When it comes to paying off debt, the most important thing is to get your budget in order to free up cash to actually make the payments. So if you're not there yet, stop here and work on getting your budget in order.

In this post, I'll go through the two major debt repayment strategies with their associated pros and cons, and at the end I'll discuss one potentially surprising case where it's not so cut and dry which is better. In general, these strategies attempt to optimize how quickly you pay off your debts.

How does interest work

In general, your interest rate is a yearly rate, but interest usually accrues monthly (or daily for credit cards; more on that later).
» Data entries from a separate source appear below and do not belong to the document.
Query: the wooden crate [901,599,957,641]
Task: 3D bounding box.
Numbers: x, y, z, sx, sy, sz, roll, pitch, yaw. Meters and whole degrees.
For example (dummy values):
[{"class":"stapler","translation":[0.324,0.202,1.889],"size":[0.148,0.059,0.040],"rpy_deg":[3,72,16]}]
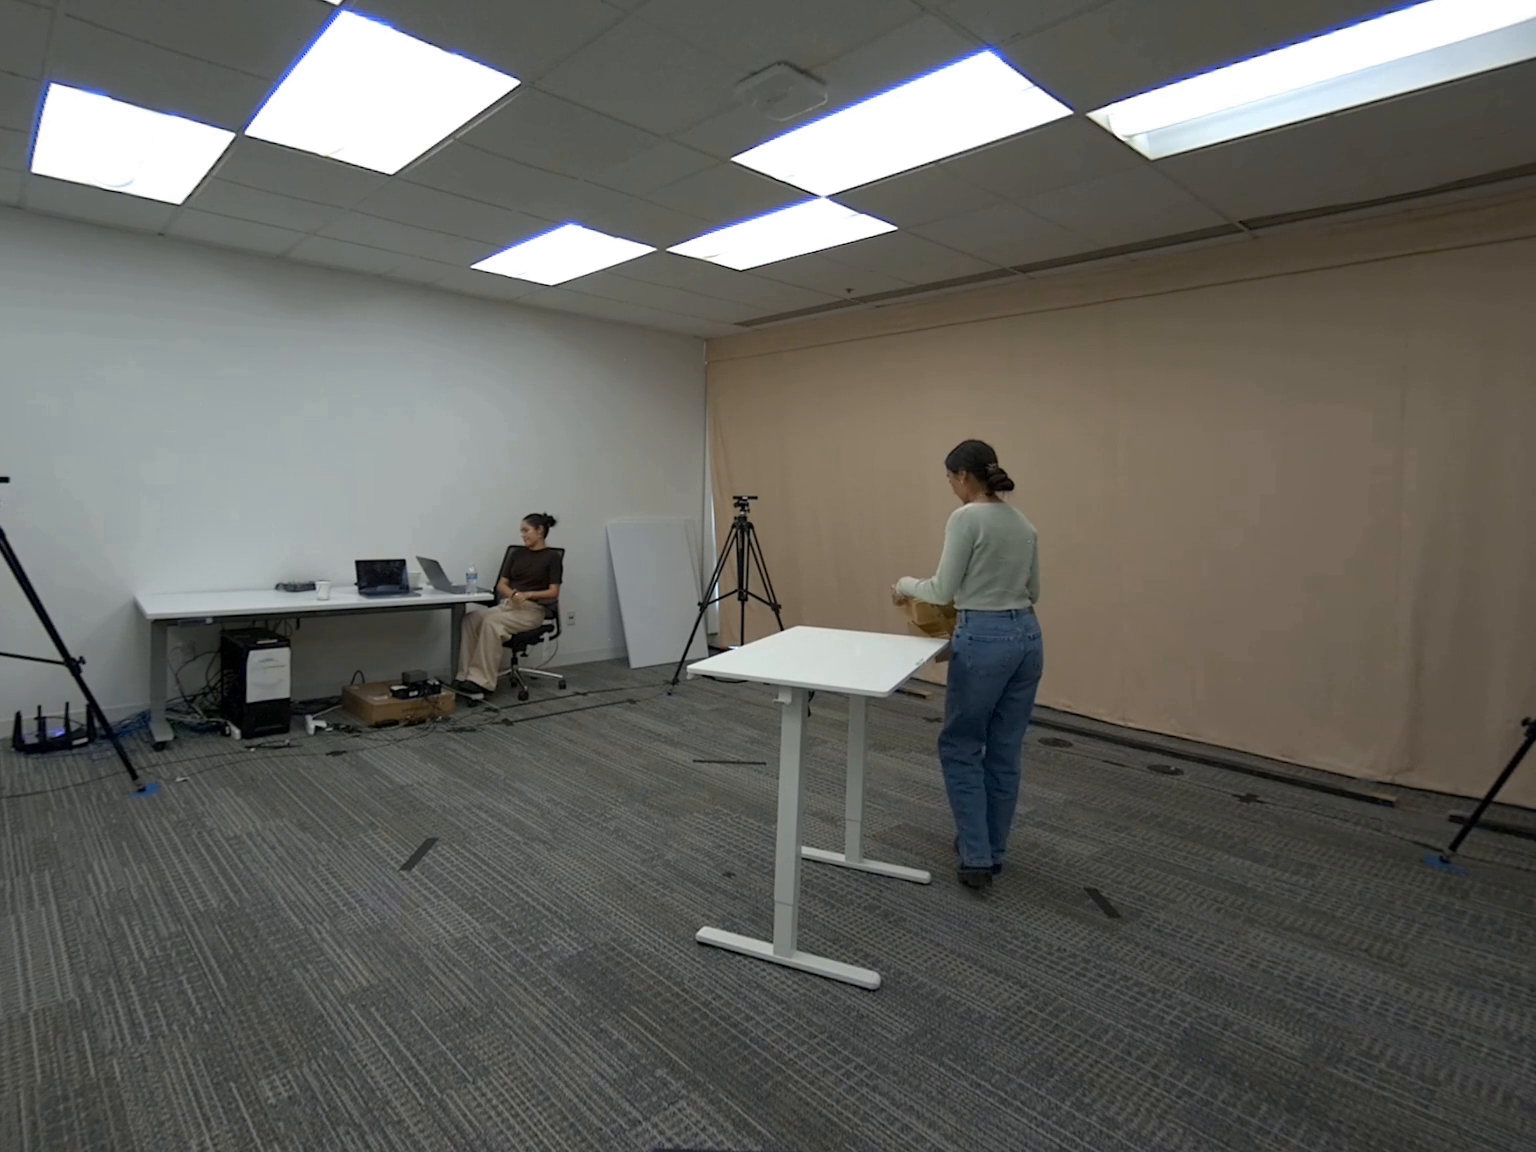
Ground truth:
[{"class":"wooden crate","translation":[0.720,0.161,3.438],"size":[0.301,0.270,0.329],"rpy_deg":[-12,13,-7]}]

So let's say your interest rate is 12%, this means your monthly rate is ~1%, so every month you'd pay 1% of whatever money you owe in interest (so $10 for every $1000). It's a little more complicated than that (i.e. APR vs APY), but that's close enough for our purposes.
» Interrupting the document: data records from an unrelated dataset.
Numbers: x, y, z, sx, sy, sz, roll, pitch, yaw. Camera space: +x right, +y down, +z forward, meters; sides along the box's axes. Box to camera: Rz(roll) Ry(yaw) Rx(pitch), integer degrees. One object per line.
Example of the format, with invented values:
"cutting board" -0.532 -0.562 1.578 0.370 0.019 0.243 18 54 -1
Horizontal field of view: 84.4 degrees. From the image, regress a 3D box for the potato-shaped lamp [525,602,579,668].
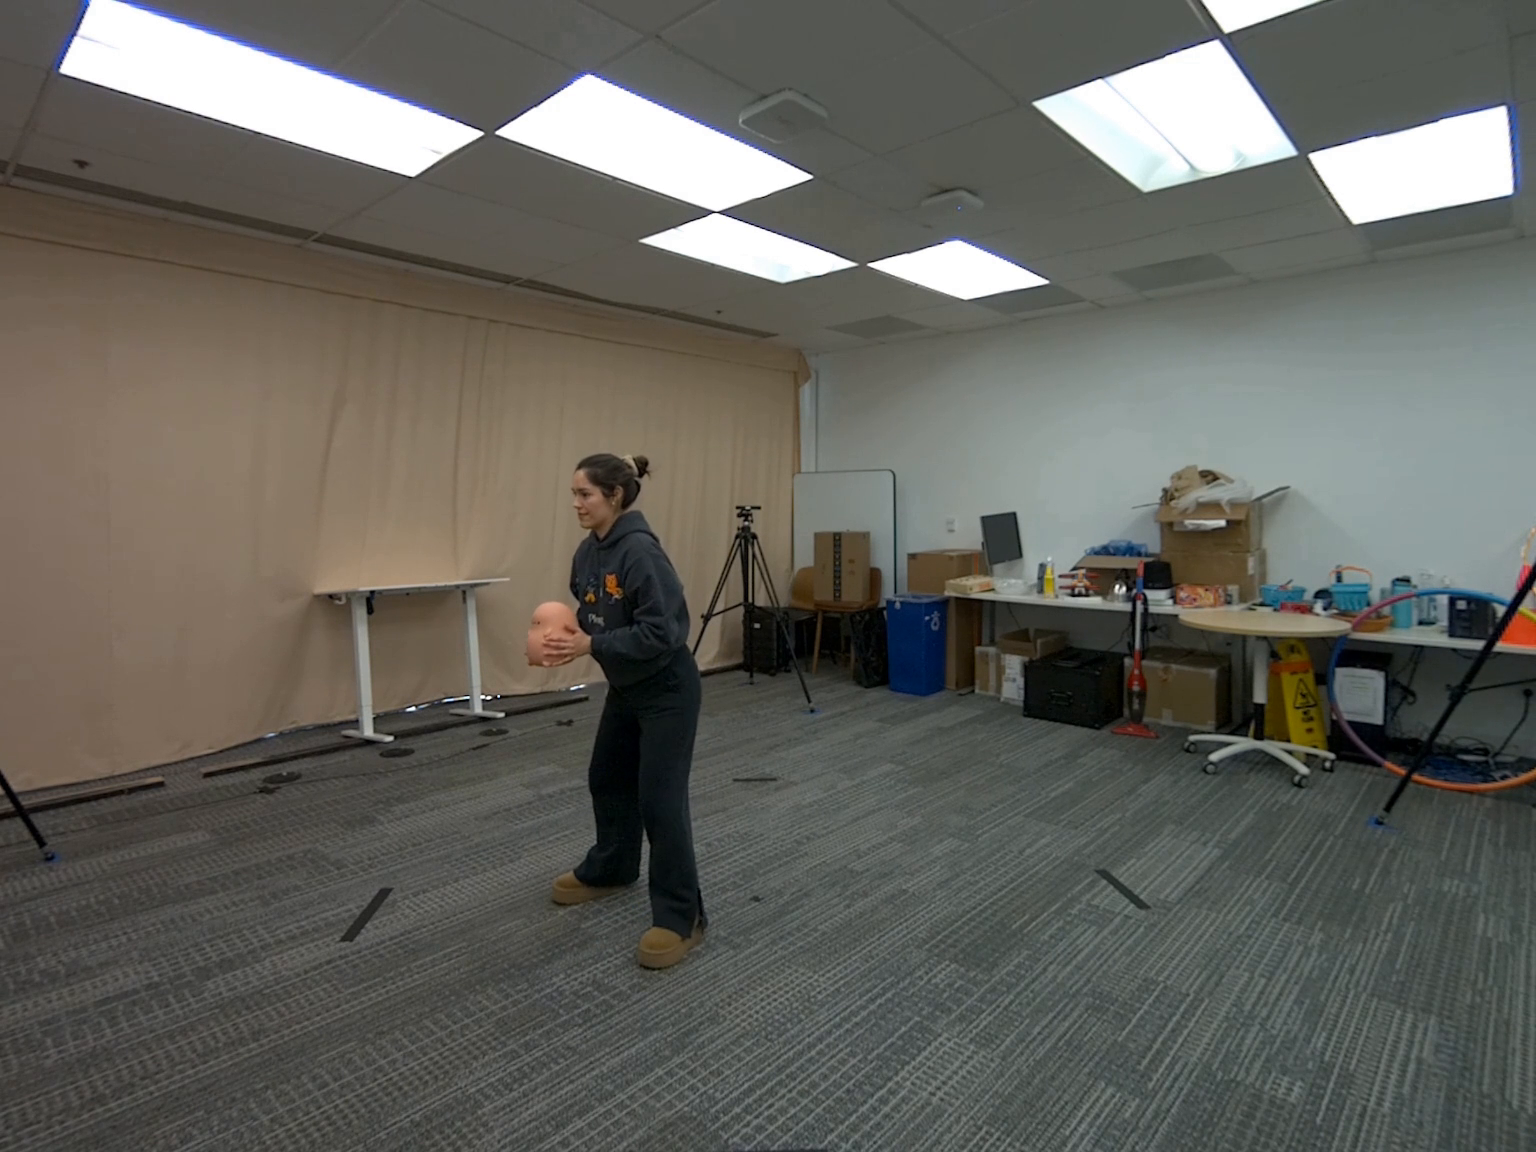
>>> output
"potato-shaped lamp" -0.668 0.187 2.657 0.166 0.198 0.169 -8 2 -39

For this post, I'm going to be using the following for illustration purposes:

  • credit card A: $1000 @ 24%
  • credit card B: $500 @ 12%
  • debt repayment of $200/month
  • minimum repayment: 1% or $50, whichever is greater

So in the first month, here's how much interest we'll be paying:

  • credit card A: $1000 * (24%/12) = $20
  • credit card B: $500 * (12%/12) = $5

Since we have a minimum payment of $50 for each card, the rest will go toward reducing the debt. So after the first month, if we only make minimum payments, the debts will be:

  • credit card A: $1000 - $30 = $970
  • credit card B: $500 - 45 = $455

For the examples below, I'll be making extra payments with the payment, after interest accrues. I'll also assume interest accrues as of the balance at the end of the month, not daily.

Grace period

The most common type of higher interest debt is credit card debt, and usually these rates (in my area) are between 10-30%, usually >20%. Credit cards are a bit special in that they usually (but not always!) have a grace period where you won't pay any interest if you always pay your balance on time, but as soon as you fail to pay your statement balance even once, you start accruing daily interest on all balances (including new purchases) until the entire debt is repaid. So credit card interest is especially insidious because whether you pay interest can change each billing cycle.

This grace period can be violated in a number of ways, and each card may be a little different there. In general, cash advances start accruing daily interest immediately, balance transfers have a separate rate from normal purchases, and payments usually go toward the highest interest portion first (so usually toward new purchase).

The grace period will be relevant later, but I'll be ignoring it for now.

Avalanche Method

In short: highest interest first.

Assuming your debt repayment stays constant, this is the mathematically optimal repayment strategy and will save you the most interest.

One way of conceptualizing this is to find the average interest rate. We do this by adding up all the debts, divide each debt by the total debt, multiply that by the interest rate, and then sum that. That's a little complicated in text, so here's a walk through of how that works:

  1. $1000 + $500 = $1500 - $1500 total debt
  2. for debt A: $1000 / 1500 * 24% = 16%
  3. for debt B: $500 / 1500 * 12% = 4%
  4. average debt: 16% + 0.04 = 20%

If you don't trust my math, here's an online calculator.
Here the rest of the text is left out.